Drug wholesalers subpoenaed in broad probe

The New York state attorney general, Eliot Spitzer, has subpoenaed drug wholesalers as part of a broad probe into the whole drug industry. Cardinal Health and AmerisourceBergen said the probe relates to the practice of buying products from other drug wholesalers, instead of directly from the drug maker. The two companies, which announced they had been subpoenaed by Spitzer's office last week, buy products from drug manufacturers and resell them to pharmacies, hospitals and other healthcare providers. They also buy pharmaceuticals from other drug wholesalers.

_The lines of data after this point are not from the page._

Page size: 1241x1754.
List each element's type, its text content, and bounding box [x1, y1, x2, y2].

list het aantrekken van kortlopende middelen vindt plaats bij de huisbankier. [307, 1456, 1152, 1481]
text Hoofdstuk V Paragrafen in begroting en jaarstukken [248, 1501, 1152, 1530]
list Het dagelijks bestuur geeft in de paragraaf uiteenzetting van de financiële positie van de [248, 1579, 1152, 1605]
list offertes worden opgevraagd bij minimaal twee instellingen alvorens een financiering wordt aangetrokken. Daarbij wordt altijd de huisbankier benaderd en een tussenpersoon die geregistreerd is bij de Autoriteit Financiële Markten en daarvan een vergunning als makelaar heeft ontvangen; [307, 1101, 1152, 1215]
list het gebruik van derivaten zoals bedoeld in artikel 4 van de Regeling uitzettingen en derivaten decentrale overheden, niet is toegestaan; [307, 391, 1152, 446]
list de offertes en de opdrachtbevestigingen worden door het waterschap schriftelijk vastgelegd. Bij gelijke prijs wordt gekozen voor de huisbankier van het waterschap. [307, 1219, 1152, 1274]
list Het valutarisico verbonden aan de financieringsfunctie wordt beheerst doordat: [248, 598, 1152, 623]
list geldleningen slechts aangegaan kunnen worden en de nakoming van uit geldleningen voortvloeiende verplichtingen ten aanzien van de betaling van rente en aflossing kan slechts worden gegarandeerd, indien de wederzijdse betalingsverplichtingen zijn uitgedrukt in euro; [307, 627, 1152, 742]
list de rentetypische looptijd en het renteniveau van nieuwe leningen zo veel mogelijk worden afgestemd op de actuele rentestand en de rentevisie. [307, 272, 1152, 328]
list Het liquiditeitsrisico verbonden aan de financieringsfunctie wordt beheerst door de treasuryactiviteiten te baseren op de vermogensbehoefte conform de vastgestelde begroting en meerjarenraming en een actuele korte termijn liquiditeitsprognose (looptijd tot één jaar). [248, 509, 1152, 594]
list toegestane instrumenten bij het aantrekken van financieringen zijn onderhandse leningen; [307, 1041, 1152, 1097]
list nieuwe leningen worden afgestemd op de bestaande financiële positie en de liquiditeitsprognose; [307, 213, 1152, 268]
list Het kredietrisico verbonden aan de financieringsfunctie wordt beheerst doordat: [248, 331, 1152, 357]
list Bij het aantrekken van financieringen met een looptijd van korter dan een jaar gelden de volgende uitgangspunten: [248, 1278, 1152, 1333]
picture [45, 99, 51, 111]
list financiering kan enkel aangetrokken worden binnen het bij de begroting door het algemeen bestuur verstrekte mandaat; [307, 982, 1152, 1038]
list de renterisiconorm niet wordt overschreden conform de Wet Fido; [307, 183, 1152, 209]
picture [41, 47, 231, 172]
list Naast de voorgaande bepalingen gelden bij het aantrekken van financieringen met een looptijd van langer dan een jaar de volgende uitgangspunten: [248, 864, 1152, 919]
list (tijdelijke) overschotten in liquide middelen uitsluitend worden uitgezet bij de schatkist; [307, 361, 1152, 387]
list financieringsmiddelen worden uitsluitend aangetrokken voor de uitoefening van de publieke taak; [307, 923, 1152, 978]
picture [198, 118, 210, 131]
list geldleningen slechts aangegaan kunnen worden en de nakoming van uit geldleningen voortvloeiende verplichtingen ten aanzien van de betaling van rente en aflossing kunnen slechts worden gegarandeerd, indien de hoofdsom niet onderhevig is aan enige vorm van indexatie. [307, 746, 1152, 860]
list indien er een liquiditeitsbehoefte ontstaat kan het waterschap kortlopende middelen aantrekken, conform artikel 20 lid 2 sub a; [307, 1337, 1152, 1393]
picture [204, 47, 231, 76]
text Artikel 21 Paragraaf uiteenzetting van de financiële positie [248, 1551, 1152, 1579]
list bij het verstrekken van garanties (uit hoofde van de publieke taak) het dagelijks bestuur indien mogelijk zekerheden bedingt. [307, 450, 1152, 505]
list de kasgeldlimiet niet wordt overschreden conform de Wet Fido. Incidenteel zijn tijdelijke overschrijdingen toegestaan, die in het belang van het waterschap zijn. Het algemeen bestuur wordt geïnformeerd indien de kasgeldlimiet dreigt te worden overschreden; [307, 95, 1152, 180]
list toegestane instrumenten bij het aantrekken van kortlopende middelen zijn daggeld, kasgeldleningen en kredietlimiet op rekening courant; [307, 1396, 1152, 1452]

They were among a host of others companies that had been contacted. Analysts believe counterfeit drugs could be the focus of the probe and it is likely to have a minimal impact on the industry. Shares of AmerisourceBergen fell by 1.3 per cent to $58.31, while shares of Cardinal Health were down by 2 per cent to $55.67.

AZ gains on COX-2 falls

The withdrawal of Merck & Co's COX-2, Vioxx has lifted the demand for AstraZeneca's heartburn and ulcer treatment, Nexium, while the suspension of Pfizer's COX-2, Bextra, could give Nexium a further boost, according to industry analysts.

Many arthritis patients have switched from COX-2 painkillers to a mix of older anti-inflammatories plus a proton pump inhibitor (PPI) such as Nexium. This year PPI prescriptions have grown by 5 to 10 per cent. Prior to that, the market had been in decline for months.

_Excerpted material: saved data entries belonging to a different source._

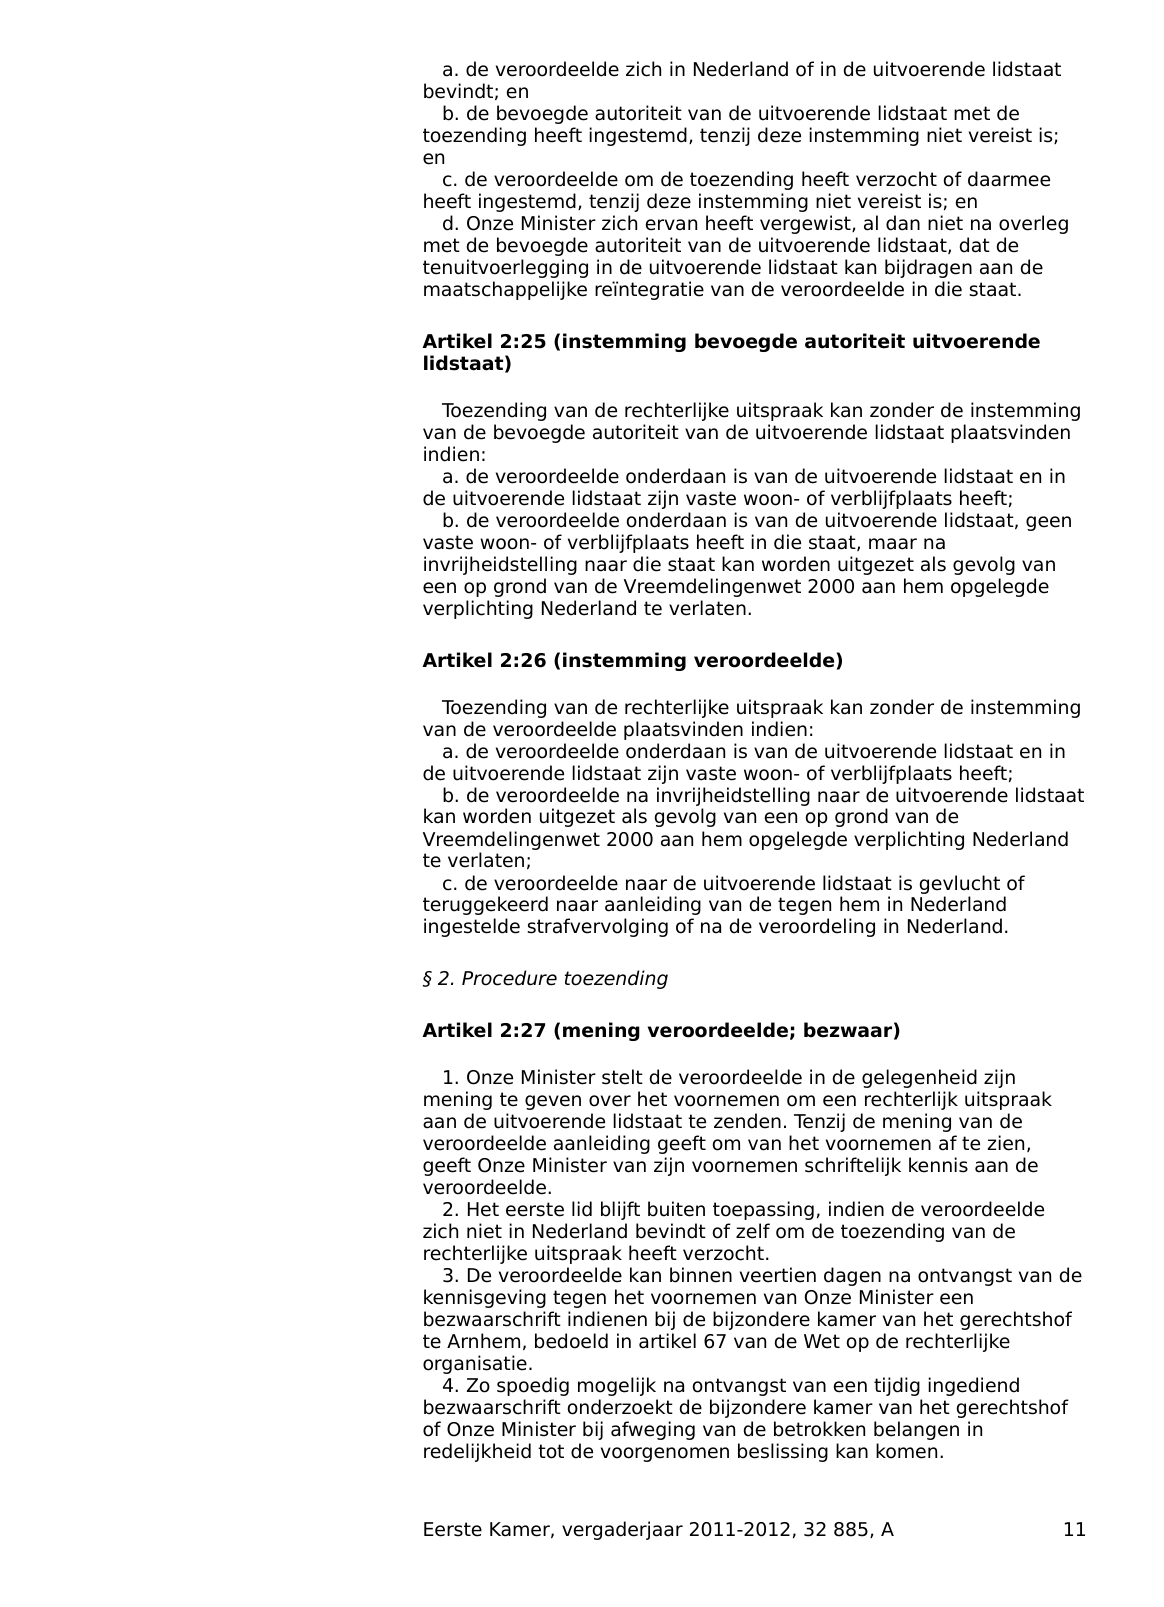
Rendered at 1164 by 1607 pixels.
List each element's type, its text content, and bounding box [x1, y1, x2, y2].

subtitle Artikel 2:25 (instemming bevoegde autoriteit uitvoerende lidstaat) [422, 331, 1087, 375]
text d. Onze Minister zich ervan heeft vergewist, al dan niet na overleg met de bevoegde autoriteit van de uitvoerende lidstaat, dat de tenuitvoerlegging in de uitvoerende lidstaat kan bijdragen aan de maatschappelijke reïntegratie van de veroordeelde in die staat. [422, 213, 1087, 301]
subtitle Artikel 2:26 (instemming veroordeelde) [422, 649, 1087, 672]
text Toezending van de rechterlijke uitspraak kan zonder de instemming van de veroordeelde plaatsvinden indien: [422, 697, 1087, 741]
text b. de veroordeelde na invrijheidstelling naar de uitvoerende lidstaat kan worden uitgezet als gevolg van een op grond van de Vreemdelingenwet 2000 aan hem opgelegde verplichting Nederland te verlaten; [422, 784, 1087, 872]
text 4. Zo spoedig mogelijk na ontvangst van een tijdig ingediend bezwaarschrift onderzoekt de bijzondere kamer van het gerechtshof of Onze Minister bij afweging van de betrokken belangen in redelijkheid tot de voorgenomen beslissing kan komen. [422, 1375, 1087, 1463]
text Toezending van de rechterlijke uitspraak kan zonder de instemming van de bevoegde autoriteit van de uitvoerende lidstaat plaatsvinden indien: [422, 400, 1087, 466]
subtitle § 2. Procedure toezending [422, 968, 1087, 990]
text 3. De veroordeelde kan binnen veertien dagen na ontvangst van de kennisgeving tegen het voornemen van Onze Minister een bezwaarschrift indienen bij de bijzondere kamer van het gerechtshof te Arnhem, bedoeld in artikel 67 van de Wet op de rechterlijke organisatie. [422, 1265, 1087, 1375]
text a. de veroordeelde onderdaan is van de uitvoerende lidstaat en in de uitvoerende lidstaat zijn vaste woon- of verblijfplaats heeft; [422, 741, 1087, 784]
text a. de veroordeelde zich in Nederland of in de uitvoerende lidstaat bevindt; en [422, 59, 1087, 103]
text a. de veroordeelde onderdaan is van de uitvoerende lidstaat en in de uitvoerende lidstaat zijn vaste woon- of verblijfplaats heeft; [422, 466, 1087, 510]
text c. de veroordeelde om de toezending heeft verzocht of daarmee heeft ingestemd, tenzij deze instemming niet vereist is; en [422, 169, 1087, 213]
text 1. Onze Minister stelt de veroordeelde in de gelegenheid zijn mening te geven over het voornemen om een rechterlijk uitspraak aan de uitvoerende lidstaat te zenden. Tenzij de mening van de veroordeelde aanleiding geeft om van het voornemen af te zien, geeft Onze Minister van zijn voornemen schriftelijk kennis aan de veroordeelde. [422, 1067, 1087, 1199]
text c. de veroordeelde naar de uitvoerende lidstaat is gevlucht of teruggekeerd naar aanleiding van de tegen hem in Nederland ingestelde strafvervolging of na de veroordeling in Nederland. [422, 872, 1087, 938]
text b. de bevoegde autoriteit van de uitvoerende lidstaat met de toezending heeft ingestemd, tenzij deze instemming niet vereist is; en [422, 103, 1087, 169]
subtitle Artikel 2:27 (mening veroordeelde; bezwaar) [422, 1020, 1087, 1042]
text 2. Het eerste lid blijft buiten toepassing, indien de veroordeelde zich niet in Nederland bevindt of zelf om de toezending van de rechterlijke uitspraak heeft verzocht. [422, 1199, 1087, 1265]
text b. de veroordeelde onderdaan is van de uitvoerende lidstaat, geen vaste woon- of verblijfplaats heeft in die staat, maar na invrijheidstelling naar die staat kan worden uitgezet als gevolg van een op grond van de Vreemdelingenwet 2000 aan hem opgelegde verplichting Nederland te verlaten. [422, 510, 1087, 619]

Paul Diggle of Code and Securities said the COX-2 issue had played into the hands of AZ, which won IS approval last November to promote Nexium specifically as a treatment to reduce ulcer risk in patients on traditional non-steroidal anti-inflammatory drugs, which can cause stomach bleeding.

AZ is expected to report sales of near $4bn, up from $3.9bn last year for the drug. However, analysts warned that in the long-term, healthcare providers will be expected to put mechanisms in place to switch patients to cheaper generic PPIs or over-the-counter alternatives.

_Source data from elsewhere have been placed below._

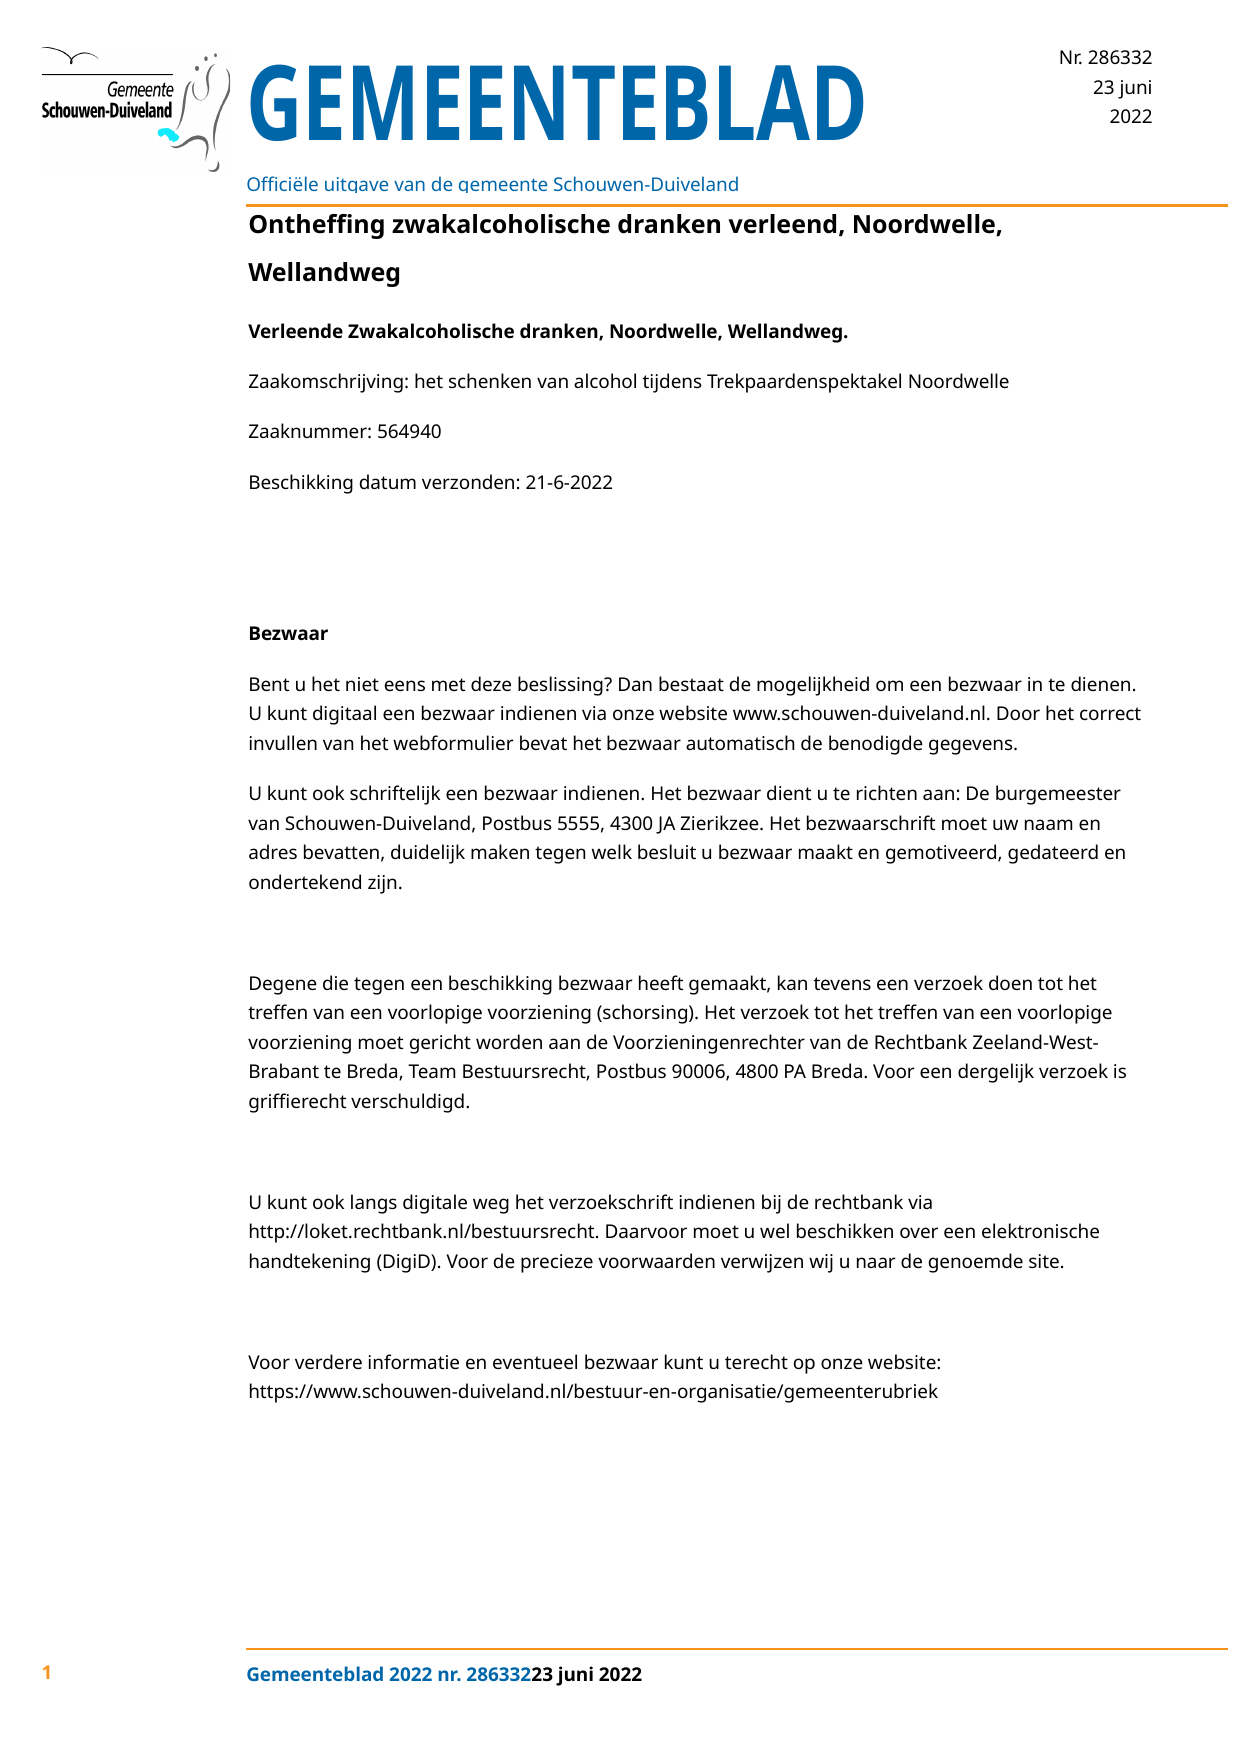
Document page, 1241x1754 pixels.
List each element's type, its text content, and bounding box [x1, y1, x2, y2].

text Zaaknummer: 564940 [248, 419, 1152, 444]
text Bent u het niet eens met deze beslissing? Dan bestaat de mogelijkheid om een bezwaar in te dienen. U kunt digitaal een bezwaar indienen via onze website www.schouwen-duiveland.nl. Door het correct invullen van het webformulier bevat het bezwaar automatisch de benodigde gegevens. [248, 671, 1152, 756]
text Bezwaar [248, 620, 1152, 646]
picture [41, 47, 231, 172]
text Ontheffing zwakalcoholische dranken verleend, Noordwelle, Wellandweg [248, 207, 1152, 288]
text Zaakomschrijving: het schenken van alcohol tijdens Trekpaardenspektakel Noordwelle [248, 368, 1152, 394]
text U kunt ook langs digitale weg het verzoekschrift indienen bij de rechtbank via http://loket.rechtbank.nl/bestuursrecht. Daarvoor moet u wel beschikken over een elektronische handtekening (DigiD). Voor de precieze voorwaarden verwijzen wij u naar de genoemde site. [248, 1189, 1152, 1274]
text U kunt ook schriftelijk een bezwaar indienen. Het bezwaar dient u te richten aan: De burgemeester van Schouwen-Duiveland, Postbus 5555, 4300 JA Zierikzee. Het bezwaarschrift moet uw naam en adres bevatten, duidelijk maken tegen welk besluit u bezwaar maakt en gemotiveerd, gedateerd en ondertekend zijn. [248, 780, 1152, 895]
text Voor verdere informatie en eventueel bezwaar kunt u terecht op onze website: https://www.schouwen-duiveland.nl/bestuur-en-organisatie/gemeenterubriek [248, 1349, 1152, 1404]
text Degene die tegen een beschikking bezwaar heeft gemaakt, kan tevens een verzoek doen tot het treffen van een voorlopige voorziening (schorsing). Het verzoek tot het treffen van een voorlopige voorziening moet gericht worden aan de Voorzieningenrechter van de Rechtbank Zeeland-West-Brabant te Breda, Team Bestuursrecht, Postbus 90006, 4800 PA Breda. Voor een dergelijk verzoek is griffierecht verschuldigd. [248, 970, 1152, 1114]
text Verleende Zwakalcoholische dranken, Noordwelle, Wellandweg. [248, 318, 1152, 344]
text Beschikking datum verzonden: 21-6-2022 [248, 469, 1152, 495]

Pharma agrees to work with the government's new framework

The UK government and the world's largest pharmaceutical companies have committed to continue working together to give people from poorer countries access to essential medicines and treatments.

The government's new framework document, Increasing People's Access to Essential Medicines in Developing Countries, provides guidance for pharma companies on increasing access through working in partnerships with stakeholders across the world. It encourages the use of differential pricing in poorer countries, investment in certain diseases affecting developing countries, and working to support development goals set by such countries.

The framework has been developed with the support and input of many, including GSK, AZ, Merck & Co, Pfizer, the Association of British Pharmaceutical Industry and the American Pharmaceutical Group. Each year up to 1.7 billion people are unable to access medicines they need, while over 10.5 billion lives in the developing world could be saved if they had the medicines they required, according to the World Health Organisation.